Oversight and transparency will still matter. Critics will demand to see legal justifications and evidence, as they should in a democracy. Yet supporters argue that when the nation faces a flood of lethal narcotics, the president has not only the right but the responsibility to act. Protecting Americans from foreign-sourced poison is a legitimate exercise of national defense.
The administration maintains that these actions are defensive — designed to cut off trafficking routes, destroy smuggling vessels, and dismantle state-supported criminal networks. If conducted lawfully, such measures align with America’s duty to protect its citizens from harm. This is not about regime change; it’s about defending American communities from external threats.

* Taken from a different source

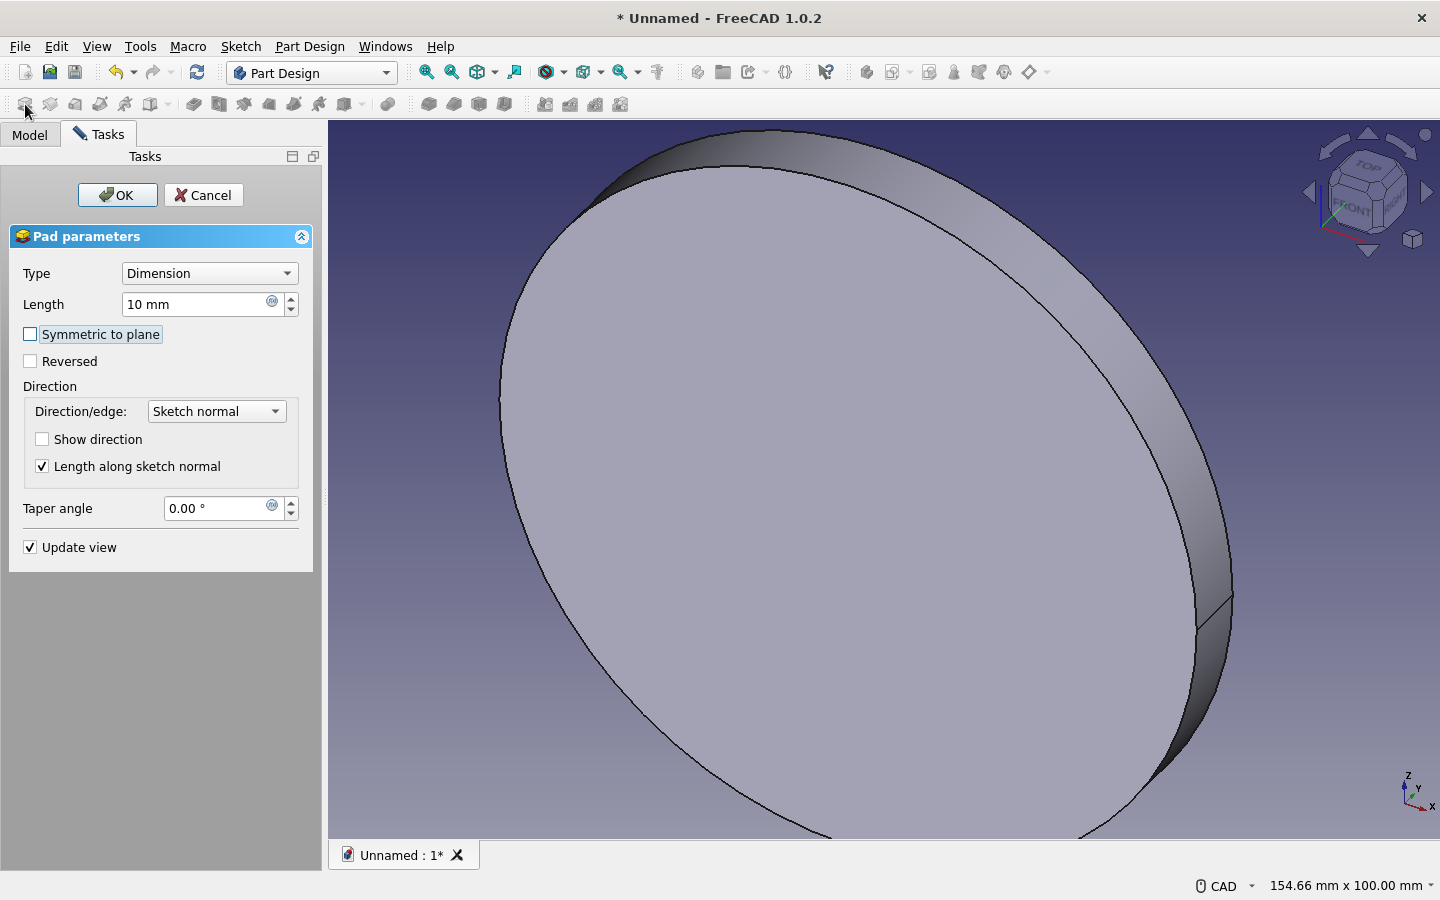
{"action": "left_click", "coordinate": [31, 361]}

There is also a geopolitical dimension. When a foreign government allows or assists gangs that export drugs and violence into the United States, Washington cannot ignore it. A proportionate, intelligence-led response sends a message that the U.S. will defend itself against state-sponsored criminality. No boots on the ground are necessary to make that point clear.
Many Americans see this pragmatically. Keep the poison out. Stop the traffickers. Protect the next generation. Do it with precision and minimal risk to U.S. forces. If covert operations can accomplish that without escalating into a wider war, then such actions are not only justified but essential.
Ultimately, the goal must be singular — to save American lives. With strong oversight and adherence to law, these covert measures could form a shield against the flow of drugs and violence crossing our borders. If the mission succeeds in stopping the poison and dismantling those who profit from it, it will be viewed not as an act of aggression, but as a defense of the homeland itself.